Data excerpts:

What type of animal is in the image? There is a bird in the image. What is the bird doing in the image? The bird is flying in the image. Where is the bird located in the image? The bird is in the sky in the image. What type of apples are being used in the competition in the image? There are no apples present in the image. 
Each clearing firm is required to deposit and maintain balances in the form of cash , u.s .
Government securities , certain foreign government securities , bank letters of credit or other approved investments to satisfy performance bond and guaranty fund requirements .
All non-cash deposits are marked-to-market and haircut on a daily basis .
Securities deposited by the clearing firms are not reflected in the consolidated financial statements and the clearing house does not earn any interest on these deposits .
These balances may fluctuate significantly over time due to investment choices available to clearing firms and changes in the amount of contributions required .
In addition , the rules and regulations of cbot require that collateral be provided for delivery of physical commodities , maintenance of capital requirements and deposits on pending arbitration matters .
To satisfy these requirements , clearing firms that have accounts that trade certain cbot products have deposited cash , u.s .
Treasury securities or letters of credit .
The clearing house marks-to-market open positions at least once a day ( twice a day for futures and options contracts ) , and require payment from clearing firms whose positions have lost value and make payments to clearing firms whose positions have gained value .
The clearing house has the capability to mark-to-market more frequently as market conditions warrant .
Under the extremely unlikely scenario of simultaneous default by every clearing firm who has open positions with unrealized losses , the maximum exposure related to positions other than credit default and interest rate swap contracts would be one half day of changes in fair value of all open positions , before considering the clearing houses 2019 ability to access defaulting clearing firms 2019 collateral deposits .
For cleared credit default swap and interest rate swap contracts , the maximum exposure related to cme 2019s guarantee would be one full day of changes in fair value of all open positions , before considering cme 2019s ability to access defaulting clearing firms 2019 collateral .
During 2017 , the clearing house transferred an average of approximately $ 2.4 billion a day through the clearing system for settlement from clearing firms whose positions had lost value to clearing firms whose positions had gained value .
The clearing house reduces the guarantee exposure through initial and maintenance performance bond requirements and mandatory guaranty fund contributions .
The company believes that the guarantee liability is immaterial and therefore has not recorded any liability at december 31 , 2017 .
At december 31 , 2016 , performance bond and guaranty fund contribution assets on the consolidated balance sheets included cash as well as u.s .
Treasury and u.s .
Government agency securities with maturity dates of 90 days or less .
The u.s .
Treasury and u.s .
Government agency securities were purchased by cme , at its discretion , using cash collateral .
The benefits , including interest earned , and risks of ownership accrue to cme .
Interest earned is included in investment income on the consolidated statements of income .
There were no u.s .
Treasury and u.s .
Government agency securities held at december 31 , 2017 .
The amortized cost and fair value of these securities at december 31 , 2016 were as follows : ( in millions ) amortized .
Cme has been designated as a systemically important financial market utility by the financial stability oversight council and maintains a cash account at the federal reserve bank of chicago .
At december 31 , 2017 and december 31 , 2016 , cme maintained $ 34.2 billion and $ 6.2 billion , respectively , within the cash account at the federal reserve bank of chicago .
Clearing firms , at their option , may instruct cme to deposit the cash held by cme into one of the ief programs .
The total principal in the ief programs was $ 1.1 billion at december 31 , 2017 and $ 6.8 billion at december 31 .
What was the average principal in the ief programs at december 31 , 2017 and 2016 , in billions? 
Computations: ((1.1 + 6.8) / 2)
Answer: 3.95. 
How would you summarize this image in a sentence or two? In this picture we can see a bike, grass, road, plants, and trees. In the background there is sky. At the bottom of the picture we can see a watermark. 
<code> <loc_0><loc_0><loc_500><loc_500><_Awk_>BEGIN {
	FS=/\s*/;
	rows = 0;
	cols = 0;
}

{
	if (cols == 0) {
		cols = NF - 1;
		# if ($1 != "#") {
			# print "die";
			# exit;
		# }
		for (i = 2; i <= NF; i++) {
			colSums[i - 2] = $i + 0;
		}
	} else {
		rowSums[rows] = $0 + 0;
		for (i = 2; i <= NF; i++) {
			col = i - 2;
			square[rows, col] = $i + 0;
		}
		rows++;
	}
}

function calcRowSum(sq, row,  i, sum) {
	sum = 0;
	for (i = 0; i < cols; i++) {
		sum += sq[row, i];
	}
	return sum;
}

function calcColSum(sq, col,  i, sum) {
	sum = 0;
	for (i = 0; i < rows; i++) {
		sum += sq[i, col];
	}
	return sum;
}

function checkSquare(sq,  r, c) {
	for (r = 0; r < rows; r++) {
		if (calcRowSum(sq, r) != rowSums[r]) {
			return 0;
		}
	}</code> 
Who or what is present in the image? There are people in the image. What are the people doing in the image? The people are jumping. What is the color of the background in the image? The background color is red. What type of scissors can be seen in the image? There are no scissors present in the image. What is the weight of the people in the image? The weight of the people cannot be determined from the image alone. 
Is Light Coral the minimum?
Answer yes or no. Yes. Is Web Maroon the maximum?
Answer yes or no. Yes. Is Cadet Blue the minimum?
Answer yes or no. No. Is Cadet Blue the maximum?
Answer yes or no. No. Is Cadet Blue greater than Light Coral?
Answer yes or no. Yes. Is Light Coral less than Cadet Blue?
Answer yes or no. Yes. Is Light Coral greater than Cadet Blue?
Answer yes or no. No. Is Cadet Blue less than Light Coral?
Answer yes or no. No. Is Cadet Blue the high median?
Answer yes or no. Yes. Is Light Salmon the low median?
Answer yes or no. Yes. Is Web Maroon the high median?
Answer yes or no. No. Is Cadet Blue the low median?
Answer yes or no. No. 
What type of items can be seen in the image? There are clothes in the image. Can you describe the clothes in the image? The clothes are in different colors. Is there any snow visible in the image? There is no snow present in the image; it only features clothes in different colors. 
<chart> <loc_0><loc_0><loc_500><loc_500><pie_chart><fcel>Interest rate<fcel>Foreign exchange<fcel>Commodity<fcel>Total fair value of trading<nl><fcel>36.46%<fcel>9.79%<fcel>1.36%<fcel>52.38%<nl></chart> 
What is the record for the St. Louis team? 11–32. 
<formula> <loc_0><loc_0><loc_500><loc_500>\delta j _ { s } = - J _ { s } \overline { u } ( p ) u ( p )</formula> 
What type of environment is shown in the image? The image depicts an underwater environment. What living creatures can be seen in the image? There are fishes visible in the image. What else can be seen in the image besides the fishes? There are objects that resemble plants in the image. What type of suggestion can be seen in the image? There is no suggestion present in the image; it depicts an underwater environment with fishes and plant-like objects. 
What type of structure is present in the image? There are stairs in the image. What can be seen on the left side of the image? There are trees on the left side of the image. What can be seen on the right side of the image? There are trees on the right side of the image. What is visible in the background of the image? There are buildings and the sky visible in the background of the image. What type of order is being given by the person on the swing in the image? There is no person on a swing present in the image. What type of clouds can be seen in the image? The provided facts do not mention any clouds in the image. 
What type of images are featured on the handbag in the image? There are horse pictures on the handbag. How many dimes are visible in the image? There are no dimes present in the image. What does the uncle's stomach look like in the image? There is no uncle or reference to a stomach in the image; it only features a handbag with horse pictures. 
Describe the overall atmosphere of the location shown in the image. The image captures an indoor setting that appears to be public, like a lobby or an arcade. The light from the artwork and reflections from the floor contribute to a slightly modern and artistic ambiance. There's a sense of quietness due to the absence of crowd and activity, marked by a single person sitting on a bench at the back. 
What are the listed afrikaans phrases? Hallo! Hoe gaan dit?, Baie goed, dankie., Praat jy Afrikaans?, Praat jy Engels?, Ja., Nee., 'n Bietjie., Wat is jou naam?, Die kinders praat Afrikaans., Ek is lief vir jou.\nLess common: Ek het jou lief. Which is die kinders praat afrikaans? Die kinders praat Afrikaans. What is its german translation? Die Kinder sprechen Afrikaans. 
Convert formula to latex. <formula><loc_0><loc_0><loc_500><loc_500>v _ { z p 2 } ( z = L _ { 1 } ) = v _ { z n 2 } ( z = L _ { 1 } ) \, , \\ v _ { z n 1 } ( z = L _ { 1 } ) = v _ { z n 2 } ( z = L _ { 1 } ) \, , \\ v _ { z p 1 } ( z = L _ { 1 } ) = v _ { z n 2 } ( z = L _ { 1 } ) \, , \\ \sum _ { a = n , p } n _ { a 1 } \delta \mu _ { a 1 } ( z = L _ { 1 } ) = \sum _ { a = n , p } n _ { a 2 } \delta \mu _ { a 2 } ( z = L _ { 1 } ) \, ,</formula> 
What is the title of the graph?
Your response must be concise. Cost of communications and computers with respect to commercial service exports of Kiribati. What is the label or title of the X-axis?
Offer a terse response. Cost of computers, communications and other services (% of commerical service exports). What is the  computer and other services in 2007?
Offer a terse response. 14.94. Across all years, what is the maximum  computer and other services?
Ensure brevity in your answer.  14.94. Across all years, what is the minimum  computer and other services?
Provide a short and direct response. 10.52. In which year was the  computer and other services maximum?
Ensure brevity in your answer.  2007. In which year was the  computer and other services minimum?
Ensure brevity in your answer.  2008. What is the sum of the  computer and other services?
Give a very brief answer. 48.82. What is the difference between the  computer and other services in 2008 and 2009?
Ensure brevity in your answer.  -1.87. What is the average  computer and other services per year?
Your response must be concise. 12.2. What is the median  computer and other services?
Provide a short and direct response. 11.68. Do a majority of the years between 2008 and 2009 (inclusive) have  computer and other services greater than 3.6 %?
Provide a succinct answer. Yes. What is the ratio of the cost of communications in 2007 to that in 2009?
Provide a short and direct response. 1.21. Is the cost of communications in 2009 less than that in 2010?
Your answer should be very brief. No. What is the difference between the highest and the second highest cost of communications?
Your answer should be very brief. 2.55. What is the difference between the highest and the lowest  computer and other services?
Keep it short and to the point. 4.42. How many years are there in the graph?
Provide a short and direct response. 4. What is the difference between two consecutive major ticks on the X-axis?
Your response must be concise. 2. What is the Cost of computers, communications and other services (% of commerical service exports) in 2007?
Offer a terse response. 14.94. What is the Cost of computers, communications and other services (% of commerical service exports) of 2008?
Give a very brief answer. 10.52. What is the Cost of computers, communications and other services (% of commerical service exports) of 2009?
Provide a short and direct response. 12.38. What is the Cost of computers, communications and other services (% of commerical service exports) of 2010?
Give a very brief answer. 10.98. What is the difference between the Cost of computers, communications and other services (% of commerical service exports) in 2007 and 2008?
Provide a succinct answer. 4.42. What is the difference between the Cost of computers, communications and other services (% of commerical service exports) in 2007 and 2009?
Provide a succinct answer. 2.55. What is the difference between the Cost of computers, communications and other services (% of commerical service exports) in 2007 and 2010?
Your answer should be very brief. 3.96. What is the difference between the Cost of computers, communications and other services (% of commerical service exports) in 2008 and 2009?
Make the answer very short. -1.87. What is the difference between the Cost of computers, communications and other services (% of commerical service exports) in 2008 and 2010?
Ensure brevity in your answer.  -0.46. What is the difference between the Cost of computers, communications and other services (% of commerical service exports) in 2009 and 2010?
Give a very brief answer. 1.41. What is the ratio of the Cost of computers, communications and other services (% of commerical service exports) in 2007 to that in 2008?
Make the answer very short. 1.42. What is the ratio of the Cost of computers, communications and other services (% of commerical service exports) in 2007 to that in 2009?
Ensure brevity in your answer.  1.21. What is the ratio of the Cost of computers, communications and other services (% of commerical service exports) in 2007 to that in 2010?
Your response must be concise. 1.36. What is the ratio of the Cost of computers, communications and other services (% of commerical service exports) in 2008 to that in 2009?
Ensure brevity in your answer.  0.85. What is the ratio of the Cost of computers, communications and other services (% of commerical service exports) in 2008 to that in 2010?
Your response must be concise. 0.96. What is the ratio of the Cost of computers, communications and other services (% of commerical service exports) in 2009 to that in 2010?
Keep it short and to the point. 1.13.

TASK INSTRUCTIONS →
I'd like an exact copy of the lines above, from the very first one through the line that contains "The clearing house has", with nothing else added.

SOLUTION TO THE EXERCISE →
What type of animal is in the image? There is a bird in the image. What is the bird doing in the image? The bird is flying in the image. Where is the bird located in the image? The bird is in the sky in the image. What type of apples are being used in the competition in the image? There are no apples present in the image. 
Each clearing firm is required to deposit and maintain balances in the form of cash , u.s .
Government securities , certain foreign government securities , bank letters of credit or other approved investments to satisfy performance bond and guaranty fund requirements .
All non-cash deposits are marked-to-market and haircut on a daily basis .
Securities deposited by the clearing firms are not reflected in the consolidated financial statements and the clearing house does not earn any interest on these deposits .
These balances may fluctuate significantly over time due to investment choices available to clearing firms and changes in the amount of contributions required .
In addition , the rules and regulations of cbot require that collateral be provided for delivery of physical commodities , maintenance of capital requirements and deposits on pending arbitration matters .
To satisfy these requirements , clearing firms that have accounts that trade certain cbot products have deposited cash , u.s .
Treasury securities or letters of credit .
The clearing house marks-to-market open positions at least once a day ( twice a day for futures and options contracts ) , and require payment from clearing firms whose positions have lost value and make payments to clearing firms whose positions have gained value .
The clearing house has the capability to mark-to-market more frequently as market conditions warrant .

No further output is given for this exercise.